Thanks for the encouragement, LearnAll.I will add clioquinol and cabergoline to what I ask for from doc, as I read from you earlier about. . So it really becomes a total approach! If it is too weird for him, I may go for vitex despite some possible estrogen suppression effect (which may be the case for cabergoline too but less clear haven't found anything on it)
At one time, I was considering only adding clioquinol, zinc and some prolactin-inhibitor to the ADT. But. Costello says eight weeks to see the hoped for effect from cabergoline and given the aggressiveness of my cancer I don't dare delay the other new treatments that I plan to start next week.
We have different level of aggressiveness in our PCas but I am still using multiple supportive interventions to ensure longer term remission. Recently, the researchers have been publishing about SENOLYTIC use to delay progression. This is nothing but saying in a round about way that vegetables and fruits help . They came with this fancy name "Senolytics." So what are Senolytics ? These are vegetables and fruits which contain Quercetin, Fisetin and Longpiperines etc. These substances keep the prostate cells younger and thus, make them less likely to become cancerous or mutate.I have used Zinc chemotherapy for a year continuously . Stopped recently to give a break.
I had no side effects but it is difficult to know how much it helped because of multiple supportive things being done by me to keep PCa in remission. Most recent one is taking powder of Pygeum Africanum bark as research shows that it not only helps with BPH but also acts as Anti Androgen.
In a symbolic way, we can say "it is important to kill existing terrorists but it is more important to prevent the youngters to become terrorists. "
Thanks LearnAll I will start checking the substances you mention after I'vê done the treatment decision with doc. I will start looking at your profile and posts imagine I can find it there.
Adjuvant ADT has sufficient evidence to show that it makes the radiation results better (SBRT). Probably it impairs RT treated cells from recovering and increases their "death spiral" when they go to divide later. Duration is controversial but you probably should be on ADT anyway. Addition of Zytiga/abiraterone seems wise and will support this. But that leaves the bicalutamide unimportant with nothing additional to contribute.I would try to get Provenge in the immediate wake of the SBRT if you have not already had it.
As for the docetaxel/carboplatin chemo, I have doubts if it would be favorable to combine at the same time: It will impair cell division which is necessary for the efficacy of the SBRT. Consider and discuss if it should be delayed for 3-6 months or so?
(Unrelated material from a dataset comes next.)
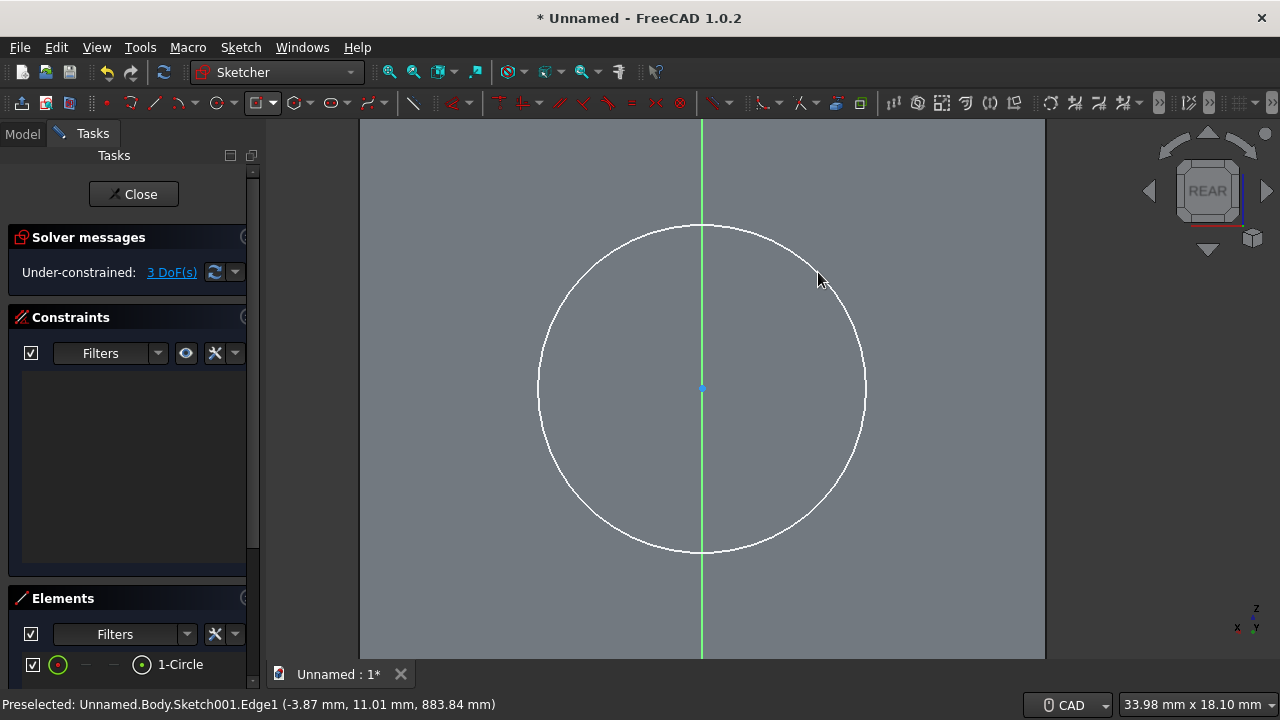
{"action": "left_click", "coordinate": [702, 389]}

The trouble with the "kitchen sink all at once" approach is that if you due have severe level SEs, then you don't know which part to discontinue or modify.
A PARP inhibitor certainly will have a place in your treatment. But whether now or later, and what to best combine it with will require more expert combing through clinical trial experience. Combo treatment trials are currently underway. I would look there and maybe consult with lead investigators.
The ASCO meetings next month will very likely have new information/results in this area.
I will bring up Provenge, there seems to be little downside to it.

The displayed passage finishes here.